Le 27 septembre dernier, les fans d’Arsenal piquaient la mélodie (et la plupart des paroles) d’Ain’t Nobody de la chanteuse soul Chaka Khan et son groupe Rufus, pour en faire un hymne au défenseur Laurent Koscielny. Sans pression, même le défenseur corrézien, pourtant pas toujours au top du hip-hop ces dernières saisons, a droit à sa chanson. En même temps, les supporters d’Arsenal avaient bien trouvé il y a quatre ou cinq ans le moyen de chanter les louanges de Marouane Chamakh avec quelques approximations géographiques dans le lot. La chanson un peu teubé racontait ainsi que Chamakh venait “d’un pays pas loin de l’Irak” : le Maroc, donc. Et puis il y a la reprise malheureuse de “Hey Jude” pour Olivier Giroud. Tout ça pour vous dire qu’outre-Manche, le chant de supporter est en roue libre complète, se réinvente constamment, prend le prétexte de la réussite de n’importe quel joueur pour chanter n’importe quoi, avec autodérision souvent.
En France, on n’y est pas du tout. Les chants sont là pourtant : comme supporter du RC Lens, un club au supportariat encore plutôt inventif, j’en ai vu passer. Les dix dernières années ont vu Les Corons rejoindre La Lensoise dans les hymnes de Bollaert, et le clapping (pompé à Nice certes, qui l’avait pompé aux Turcs) venir célébrer chaque victoire (celles-ci devenant de plus en plus rares, vous l’aurez noté). Il y a deux ans, le kop avait même mis en place une chanson dédiée à l’éphémère Alphonse Areola. Les paroles étaient sommaires, à base de “Areola, lalalalala“, mais il y avait ajouté à cela une petite choré digne de majorettes d’Hénin-Beaumont. Tout cela était bon enfant, et renforçait la proximité entre joueurs et supporters, l’identification au club, bref, les bases du supportérisme.

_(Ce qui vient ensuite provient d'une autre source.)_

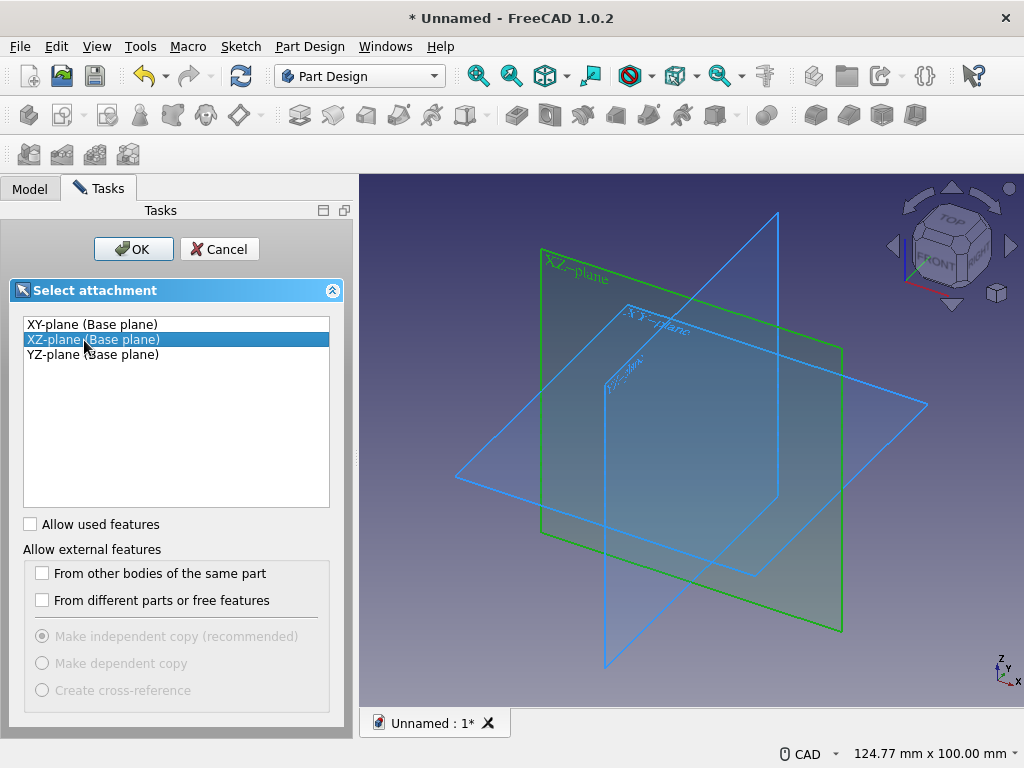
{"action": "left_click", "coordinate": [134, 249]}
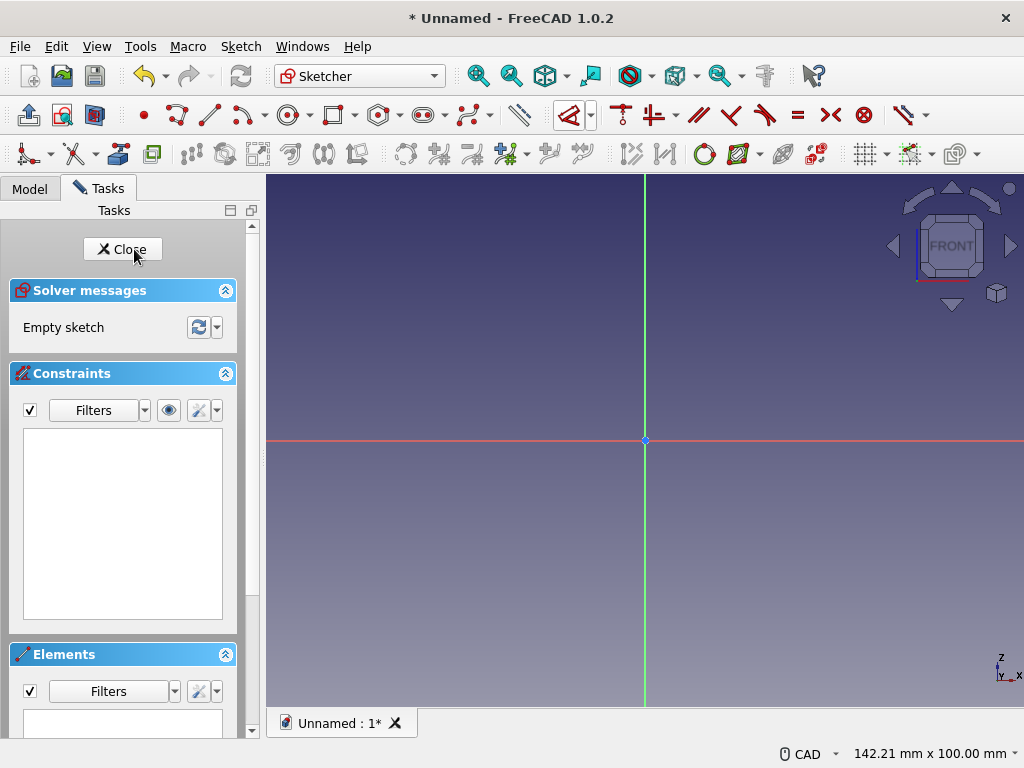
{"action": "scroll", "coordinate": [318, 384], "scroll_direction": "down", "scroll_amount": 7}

Pourquoi les supporters français n’ont-ils jamais importé cette tendance du chant personnalisé, de l’ode à ton buteur, de la reprise aléatoire de chanson pop où tu pourrais placer le nom de Maxime Gonalons ? Est-ce que ce serait pas un symptôme d’une baisse de la ferveur dans le supportariat français ?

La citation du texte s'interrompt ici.